Chesapeake Plans To Double Oil, Liquids Production By 2015
Chesapeake Energy Corp. (CHK) said it plans to more than double its oil and liquids production by 2015 as the natural gas giant aims to become one of top five U.S. oil producers.
Chesapeake and other oil and gas companies are fleeing natural gas fields amid a supply glut that has brought prices to low levels not seen in years. Chesapeake said it plans to produce about 250,000 barrels a day of oil and natural gas liquids by 2015, up from about 104,000 barrels a day in the fourth quarter.
Chesapeake said it plans to increase its activities in the increasingly important oil and gas fields in the Eagle Ford region of south Texas and the Utica shale formation in the Midwest and Northeast.
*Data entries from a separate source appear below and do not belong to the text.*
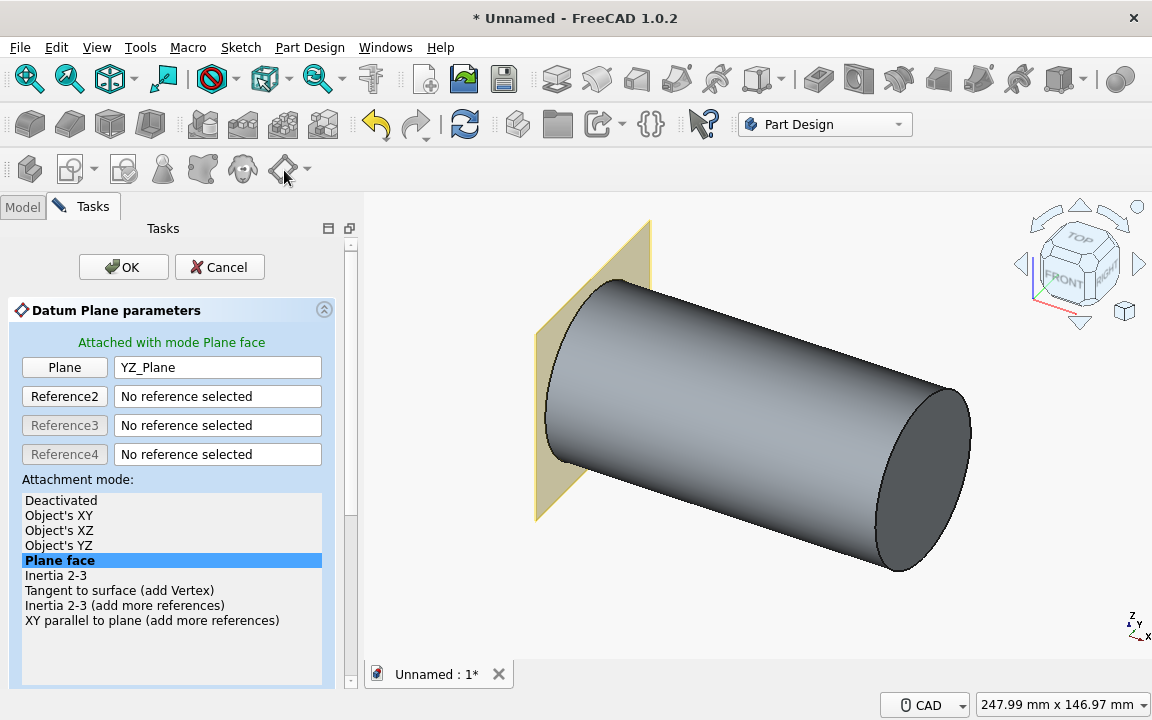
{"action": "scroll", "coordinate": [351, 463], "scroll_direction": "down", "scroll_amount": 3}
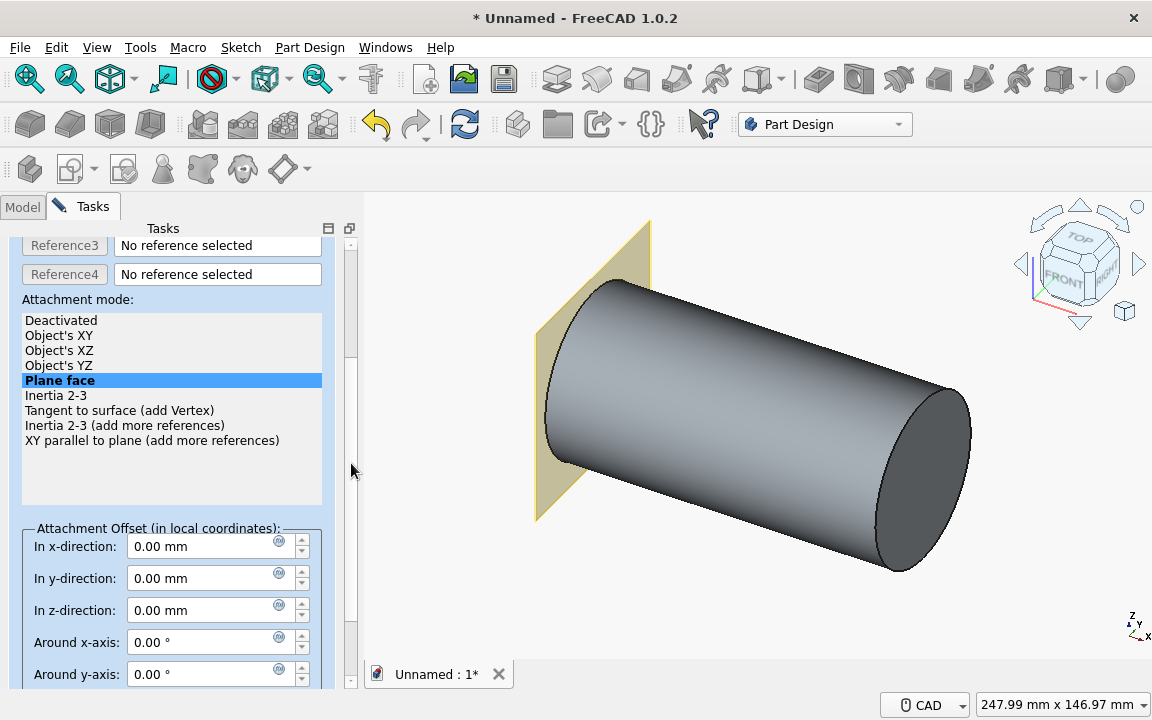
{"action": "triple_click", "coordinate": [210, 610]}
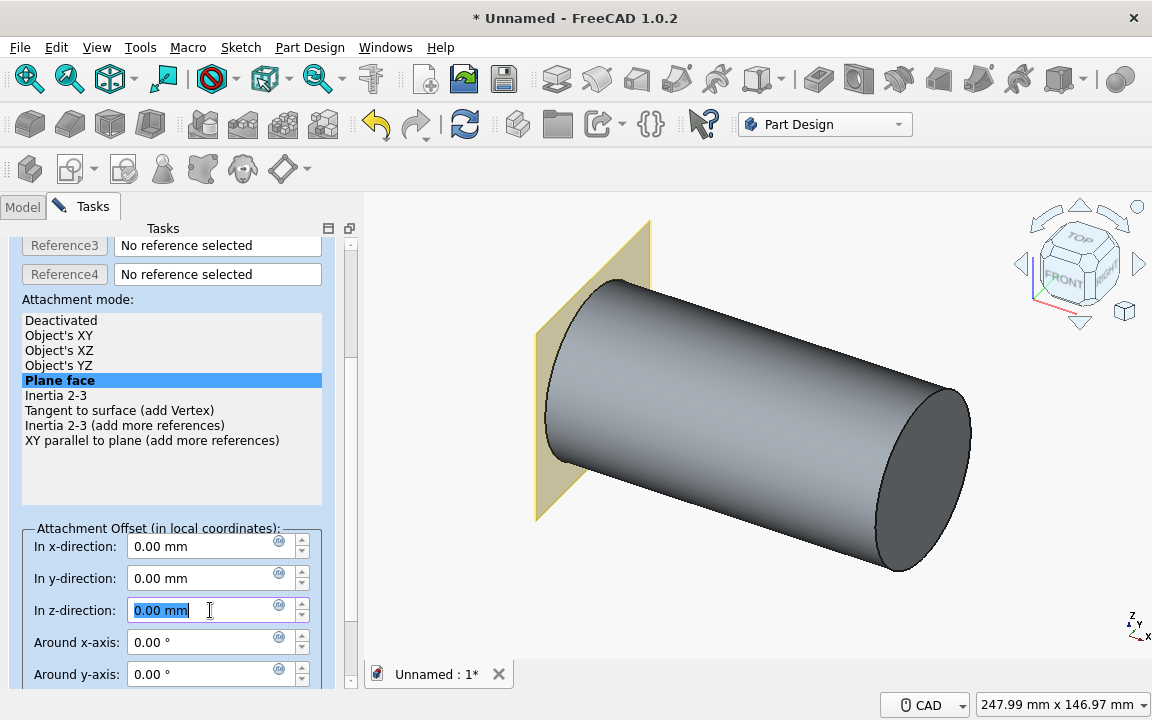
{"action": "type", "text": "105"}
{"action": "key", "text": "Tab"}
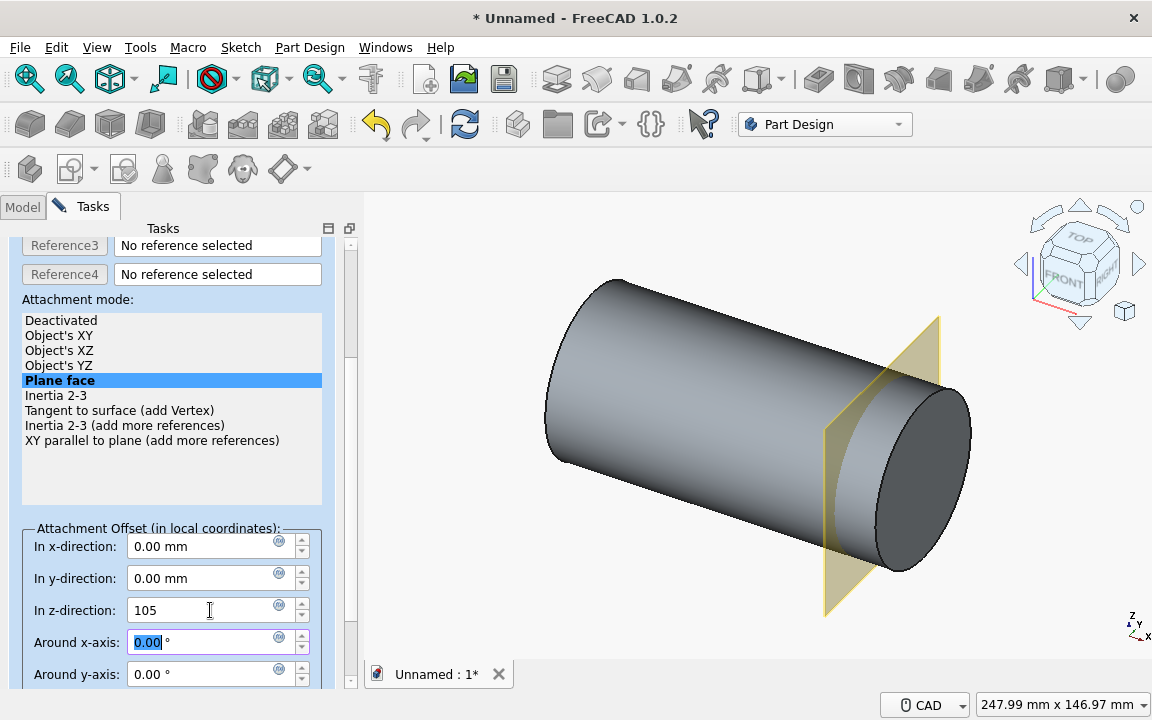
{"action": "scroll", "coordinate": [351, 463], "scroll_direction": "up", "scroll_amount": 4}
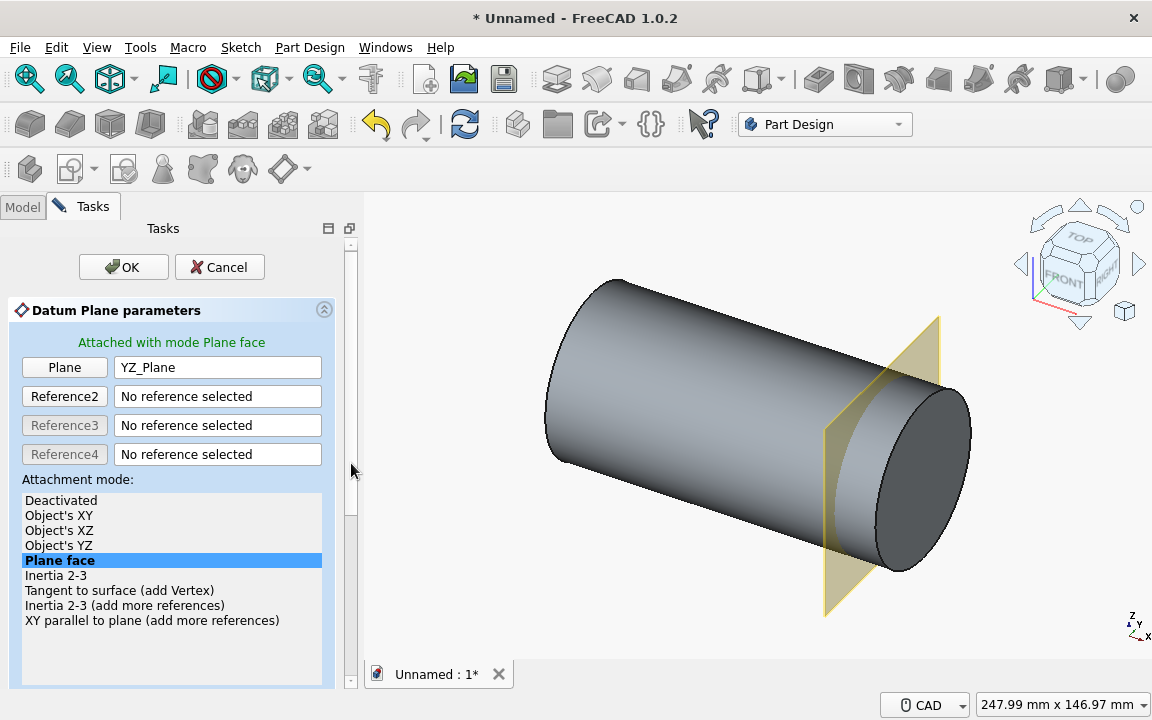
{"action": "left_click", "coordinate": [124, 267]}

In the Eagle Ford, Chesapeake has 178 producing wells and a backlog of 200 more, the company said. The Oklahoma City-based company plans to have 20 rigs operating in the Utica shale this year, up from eight in 2011.
Chesapeake said it would finance its expansion into relatively new oil fields by selling some or all of its 1.5 million net acres in the Permian Basin in west Texas and New Mexico. Chesapeake said it also hopes to announce a joint venture this summer focused on its acreage in the Mississippi Lime oil and gas field in Oklahoma and Kansas.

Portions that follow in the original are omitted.